> **DATA UNDER STUDY**:

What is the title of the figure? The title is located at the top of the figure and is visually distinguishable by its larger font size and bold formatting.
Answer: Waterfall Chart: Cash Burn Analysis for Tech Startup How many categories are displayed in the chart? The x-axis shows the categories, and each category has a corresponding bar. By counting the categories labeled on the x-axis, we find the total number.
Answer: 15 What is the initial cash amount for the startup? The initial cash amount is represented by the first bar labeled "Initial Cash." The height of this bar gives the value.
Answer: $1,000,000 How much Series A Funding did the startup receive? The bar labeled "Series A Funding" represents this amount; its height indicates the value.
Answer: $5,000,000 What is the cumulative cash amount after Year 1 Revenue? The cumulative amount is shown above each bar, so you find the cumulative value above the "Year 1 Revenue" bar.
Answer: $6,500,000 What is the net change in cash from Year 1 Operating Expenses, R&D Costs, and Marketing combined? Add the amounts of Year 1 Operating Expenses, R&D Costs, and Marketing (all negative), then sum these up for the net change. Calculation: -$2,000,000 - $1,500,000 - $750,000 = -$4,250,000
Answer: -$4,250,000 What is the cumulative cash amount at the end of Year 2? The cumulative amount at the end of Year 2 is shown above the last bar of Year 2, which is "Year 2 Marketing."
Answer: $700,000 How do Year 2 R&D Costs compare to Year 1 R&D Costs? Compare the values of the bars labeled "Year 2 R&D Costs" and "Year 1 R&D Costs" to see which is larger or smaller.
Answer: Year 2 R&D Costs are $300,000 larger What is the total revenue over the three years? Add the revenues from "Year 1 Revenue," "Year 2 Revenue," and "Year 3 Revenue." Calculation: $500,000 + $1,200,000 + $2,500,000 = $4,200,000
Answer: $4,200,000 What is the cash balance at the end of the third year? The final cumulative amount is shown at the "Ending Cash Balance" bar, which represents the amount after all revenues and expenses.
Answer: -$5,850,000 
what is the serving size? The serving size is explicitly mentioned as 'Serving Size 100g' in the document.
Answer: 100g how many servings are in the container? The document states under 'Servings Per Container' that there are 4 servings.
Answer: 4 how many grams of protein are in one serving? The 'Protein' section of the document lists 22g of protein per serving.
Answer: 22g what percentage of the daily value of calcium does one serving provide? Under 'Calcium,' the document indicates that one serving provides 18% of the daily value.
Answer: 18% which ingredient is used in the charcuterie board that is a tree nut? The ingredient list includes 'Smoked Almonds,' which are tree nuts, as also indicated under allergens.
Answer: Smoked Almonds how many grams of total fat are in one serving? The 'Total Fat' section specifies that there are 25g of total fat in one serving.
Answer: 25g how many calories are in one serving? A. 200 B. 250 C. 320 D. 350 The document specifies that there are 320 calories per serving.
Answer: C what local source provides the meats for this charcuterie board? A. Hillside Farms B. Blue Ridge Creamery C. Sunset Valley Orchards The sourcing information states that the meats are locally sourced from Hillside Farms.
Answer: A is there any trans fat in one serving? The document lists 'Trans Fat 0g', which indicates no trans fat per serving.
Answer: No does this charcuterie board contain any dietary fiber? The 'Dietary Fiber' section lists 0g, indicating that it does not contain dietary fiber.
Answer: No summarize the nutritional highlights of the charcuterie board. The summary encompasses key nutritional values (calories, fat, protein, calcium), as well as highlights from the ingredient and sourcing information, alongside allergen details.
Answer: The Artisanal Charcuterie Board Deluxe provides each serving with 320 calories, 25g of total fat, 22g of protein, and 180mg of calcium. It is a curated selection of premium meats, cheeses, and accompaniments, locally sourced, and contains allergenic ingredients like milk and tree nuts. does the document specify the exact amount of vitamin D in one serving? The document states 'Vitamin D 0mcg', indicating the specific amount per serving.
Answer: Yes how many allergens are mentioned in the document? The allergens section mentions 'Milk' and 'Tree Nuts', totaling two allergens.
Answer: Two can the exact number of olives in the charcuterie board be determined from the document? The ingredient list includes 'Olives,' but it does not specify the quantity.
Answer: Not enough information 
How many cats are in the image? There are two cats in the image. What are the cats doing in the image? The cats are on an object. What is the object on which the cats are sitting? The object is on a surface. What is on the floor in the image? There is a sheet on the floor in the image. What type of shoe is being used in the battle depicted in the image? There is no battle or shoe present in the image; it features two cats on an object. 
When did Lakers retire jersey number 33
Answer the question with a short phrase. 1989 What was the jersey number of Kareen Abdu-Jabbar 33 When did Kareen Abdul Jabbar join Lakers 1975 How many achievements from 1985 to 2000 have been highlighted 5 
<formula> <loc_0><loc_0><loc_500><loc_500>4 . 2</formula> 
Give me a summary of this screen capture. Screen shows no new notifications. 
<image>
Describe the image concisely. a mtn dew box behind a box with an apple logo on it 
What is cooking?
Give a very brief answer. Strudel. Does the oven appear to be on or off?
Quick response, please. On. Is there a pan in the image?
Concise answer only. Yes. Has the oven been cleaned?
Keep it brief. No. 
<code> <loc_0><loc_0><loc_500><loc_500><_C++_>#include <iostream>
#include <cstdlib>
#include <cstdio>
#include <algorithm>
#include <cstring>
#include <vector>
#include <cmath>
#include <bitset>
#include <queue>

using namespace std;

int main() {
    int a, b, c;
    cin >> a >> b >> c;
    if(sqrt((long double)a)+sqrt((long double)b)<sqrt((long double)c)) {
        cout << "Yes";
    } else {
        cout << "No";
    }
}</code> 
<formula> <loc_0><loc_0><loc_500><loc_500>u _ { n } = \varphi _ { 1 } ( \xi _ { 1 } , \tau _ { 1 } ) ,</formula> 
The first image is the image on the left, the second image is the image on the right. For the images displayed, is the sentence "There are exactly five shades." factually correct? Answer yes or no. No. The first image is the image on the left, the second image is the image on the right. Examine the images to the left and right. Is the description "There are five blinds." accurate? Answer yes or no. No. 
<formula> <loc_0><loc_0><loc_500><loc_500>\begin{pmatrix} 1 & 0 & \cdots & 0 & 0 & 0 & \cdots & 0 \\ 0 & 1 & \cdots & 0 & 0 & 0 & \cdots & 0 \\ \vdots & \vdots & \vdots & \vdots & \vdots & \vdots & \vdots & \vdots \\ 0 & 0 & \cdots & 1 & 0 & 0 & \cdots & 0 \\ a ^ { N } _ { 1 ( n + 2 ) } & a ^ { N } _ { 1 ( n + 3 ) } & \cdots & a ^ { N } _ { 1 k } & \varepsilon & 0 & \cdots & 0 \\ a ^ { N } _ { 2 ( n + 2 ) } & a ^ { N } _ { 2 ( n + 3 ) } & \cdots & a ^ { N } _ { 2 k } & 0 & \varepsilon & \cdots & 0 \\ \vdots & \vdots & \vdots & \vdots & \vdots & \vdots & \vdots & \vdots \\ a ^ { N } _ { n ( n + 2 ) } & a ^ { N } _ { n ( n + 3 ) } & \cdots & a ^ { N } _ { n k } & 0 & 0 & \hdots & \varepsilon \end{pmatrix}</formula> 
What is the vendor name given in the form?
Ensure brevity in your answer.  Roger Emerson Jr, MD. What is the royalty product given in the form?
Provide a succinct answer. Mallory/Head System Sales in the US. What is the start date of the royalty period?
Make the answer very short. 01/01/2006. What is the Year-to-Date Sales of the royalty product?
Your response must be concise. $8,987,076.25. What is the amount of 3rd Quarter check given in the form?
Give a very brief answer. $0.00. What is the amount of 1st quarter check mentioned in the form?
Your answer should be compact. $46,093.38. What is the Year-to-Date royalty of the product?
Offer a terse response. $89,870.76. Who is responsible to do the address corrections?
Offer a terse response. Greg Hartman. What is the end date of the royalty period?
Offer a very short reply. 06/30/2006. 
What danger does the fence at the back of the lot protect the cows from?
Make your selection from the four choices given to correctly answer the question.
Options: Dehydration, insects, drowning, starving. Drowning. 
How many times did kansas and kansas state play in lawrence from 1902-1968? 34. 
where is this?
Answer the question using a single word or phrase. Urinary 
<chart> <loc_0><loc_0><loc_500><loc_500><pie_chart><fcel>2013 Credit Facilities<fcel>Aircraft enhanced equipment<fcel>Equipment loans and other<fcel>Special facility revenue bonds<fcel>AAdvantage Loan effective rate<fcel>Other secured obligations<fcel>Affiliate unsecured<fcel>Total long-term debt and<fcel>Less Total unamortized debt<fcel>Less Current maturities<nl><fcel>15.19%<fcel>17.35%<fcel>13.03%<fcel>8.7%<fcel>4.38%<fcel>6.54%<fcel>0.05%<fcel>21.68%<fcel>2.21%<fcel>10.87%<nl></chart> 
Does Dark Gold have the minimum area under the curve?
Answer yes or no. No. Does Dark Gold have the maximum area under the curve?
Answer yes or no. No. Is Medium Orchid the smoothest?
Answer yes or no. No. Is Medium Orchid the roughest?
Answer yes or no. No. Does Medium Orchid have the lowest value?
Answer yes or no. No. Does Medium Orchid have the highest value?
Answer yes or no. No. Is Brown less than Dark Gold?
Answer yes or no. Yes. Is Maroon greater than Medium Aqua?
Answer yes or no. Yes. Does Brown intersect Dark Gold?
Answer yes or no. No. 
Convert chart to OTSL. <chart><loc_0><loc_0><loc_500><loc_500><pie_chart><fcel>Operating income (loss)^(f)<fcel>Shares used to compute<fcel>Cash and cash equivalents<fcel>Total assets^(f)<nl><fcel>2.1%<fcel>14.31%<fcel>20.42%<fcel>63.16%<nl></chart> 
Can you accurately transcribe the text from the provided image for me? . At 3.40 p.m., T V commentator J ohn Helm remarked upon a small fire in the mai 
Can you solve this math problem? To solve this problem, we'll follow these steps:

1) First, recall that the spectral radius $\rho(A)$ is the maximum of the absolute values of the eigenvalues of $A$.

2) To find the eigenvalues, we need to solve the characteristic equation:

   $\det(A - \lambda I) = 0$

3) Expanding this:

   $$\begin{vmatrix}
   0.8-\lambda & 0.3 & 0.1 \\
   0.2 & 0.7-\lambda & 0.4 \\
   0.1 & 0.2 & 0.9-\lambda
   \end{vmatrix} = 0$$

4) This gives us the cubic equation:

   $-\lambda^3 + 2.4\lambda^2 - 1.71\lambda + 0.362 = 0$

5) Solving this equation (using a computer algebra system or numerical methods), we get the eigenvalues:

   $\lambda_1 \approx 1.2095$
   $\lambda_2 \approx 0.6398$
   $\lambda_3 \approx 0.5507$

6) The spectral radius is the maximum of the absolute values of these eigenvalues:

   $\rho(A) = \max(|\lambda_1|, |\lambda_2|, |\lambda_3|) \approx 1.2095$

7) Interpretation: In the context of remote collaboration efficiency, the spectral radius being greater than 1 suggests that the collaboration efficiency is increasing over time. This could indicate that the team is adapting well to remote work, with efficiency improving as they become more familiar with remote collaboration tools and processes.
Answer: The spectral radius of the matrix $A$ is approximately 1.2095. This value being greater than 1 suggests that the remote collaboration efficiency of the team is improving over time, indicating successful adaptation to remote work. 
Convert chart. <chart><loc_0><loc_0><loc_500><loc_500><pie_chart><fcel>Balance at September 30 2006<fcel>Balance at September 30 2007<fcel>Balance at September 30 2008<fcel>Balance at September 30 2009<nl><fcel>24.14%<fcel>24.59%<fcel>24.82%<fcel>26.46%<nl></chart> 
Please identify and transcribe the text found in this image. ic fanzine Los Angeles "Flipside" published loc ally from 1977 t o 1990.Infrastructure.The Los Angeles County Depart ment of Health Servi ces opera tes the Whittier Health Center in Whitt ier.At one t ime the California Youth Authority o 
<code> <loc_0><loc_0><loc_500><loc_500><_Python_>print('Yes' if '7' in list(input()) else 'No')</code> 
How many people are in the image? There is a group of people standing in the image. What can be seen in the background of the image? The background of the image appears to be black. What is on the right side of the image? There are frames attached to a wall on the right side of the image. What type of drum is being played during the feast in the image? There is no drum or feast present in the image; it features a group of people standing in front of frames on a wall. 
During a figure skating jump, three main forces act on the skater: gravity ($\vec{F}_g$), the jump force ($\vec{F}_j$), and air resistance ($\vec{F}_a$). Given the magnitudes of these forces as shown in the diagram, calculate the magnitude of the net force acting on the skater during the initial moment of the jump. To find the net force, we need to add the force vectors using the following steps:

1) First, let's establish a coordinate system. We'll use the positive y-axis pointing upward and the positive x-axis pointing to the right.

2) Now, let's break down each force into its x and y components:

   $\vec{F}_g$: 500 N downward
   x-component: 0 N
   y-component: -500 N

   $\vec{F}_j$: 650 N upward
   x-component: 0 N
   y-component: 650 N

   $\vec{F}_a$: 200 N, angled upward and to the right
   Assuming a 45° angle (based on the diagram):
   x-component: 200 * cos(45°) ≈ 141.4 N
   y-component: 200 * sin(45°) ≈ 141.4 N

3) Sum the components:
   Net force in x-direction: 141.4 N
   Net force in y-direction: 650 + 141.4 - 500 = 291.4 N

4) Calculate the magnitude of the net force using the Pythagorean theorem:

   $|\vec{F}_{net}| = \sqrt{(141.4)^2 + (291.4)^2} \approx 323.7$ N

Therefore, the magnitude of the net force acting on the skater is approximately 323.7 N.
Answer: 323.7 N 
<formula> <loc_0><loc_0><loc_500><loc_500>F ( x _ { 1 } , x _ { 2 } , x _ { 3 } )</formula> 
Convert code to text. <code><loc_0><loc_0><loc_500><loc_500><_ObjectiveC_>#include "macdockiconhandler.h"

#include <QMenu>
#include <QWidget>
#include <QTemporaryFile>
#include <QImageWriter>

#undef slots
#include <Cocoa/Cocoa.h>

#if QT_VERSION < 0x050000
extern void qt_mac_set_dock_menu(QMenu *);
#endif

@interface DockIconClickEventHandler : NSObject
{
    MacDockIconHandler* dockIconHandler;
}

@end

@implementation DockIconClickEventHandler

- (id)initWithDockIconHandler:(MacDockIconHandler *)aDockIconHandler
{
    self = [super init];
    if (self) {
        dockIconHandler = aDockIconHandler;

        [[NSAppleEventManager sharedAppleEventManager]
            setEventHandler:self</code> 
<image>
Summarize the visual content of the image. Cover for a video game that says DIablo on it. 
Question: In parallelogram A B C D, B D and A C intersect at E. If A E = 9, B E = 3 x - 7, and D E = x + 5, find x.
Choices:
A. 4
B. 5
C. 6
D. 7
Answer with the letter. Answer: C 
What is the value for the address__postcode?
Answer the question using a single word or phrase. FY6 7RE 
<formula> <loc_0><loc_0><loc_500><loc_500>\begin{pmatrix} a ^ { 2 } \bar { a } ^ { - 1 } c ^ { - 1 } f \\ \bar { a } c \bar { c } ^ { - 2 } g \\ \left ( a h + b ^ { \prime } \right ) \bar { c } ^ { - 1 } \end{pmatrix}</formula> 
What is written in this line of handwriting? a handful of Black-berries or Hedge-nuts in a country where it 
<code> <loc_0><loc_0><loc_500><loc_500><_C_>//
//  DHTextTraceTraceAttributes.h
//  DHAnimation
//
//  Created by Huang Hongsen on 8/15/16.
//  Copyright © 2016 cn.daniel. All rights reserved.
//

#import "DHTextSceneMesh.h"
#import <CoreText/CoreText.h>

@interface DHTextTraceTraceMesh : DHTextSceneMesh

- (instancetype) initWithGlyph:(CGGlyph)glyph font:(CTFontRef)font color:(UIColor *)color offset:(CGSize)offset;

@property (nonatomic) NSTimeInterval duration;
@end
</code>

> **TASK**: Only lines holding the word "information" are wanted, so copy each of them from the records above.

> **ANSWER SPACE**:
Answer: C what local source provides the meats for this charcuterie board? A. Hillside Farms B. Blue Ridge Creamery C. Sunset Valley Orchards The sourcing information states that the meats are locally sourced from Hillside Farms.
Answer: No summarize the nutritional highlights of the charcuterie board. The summary encompasses key nutritional values (calories, fat, protein, calcium), as well as highlights from the ingredient and sourcing information, alongside allergen details.
Answer: Not enough information 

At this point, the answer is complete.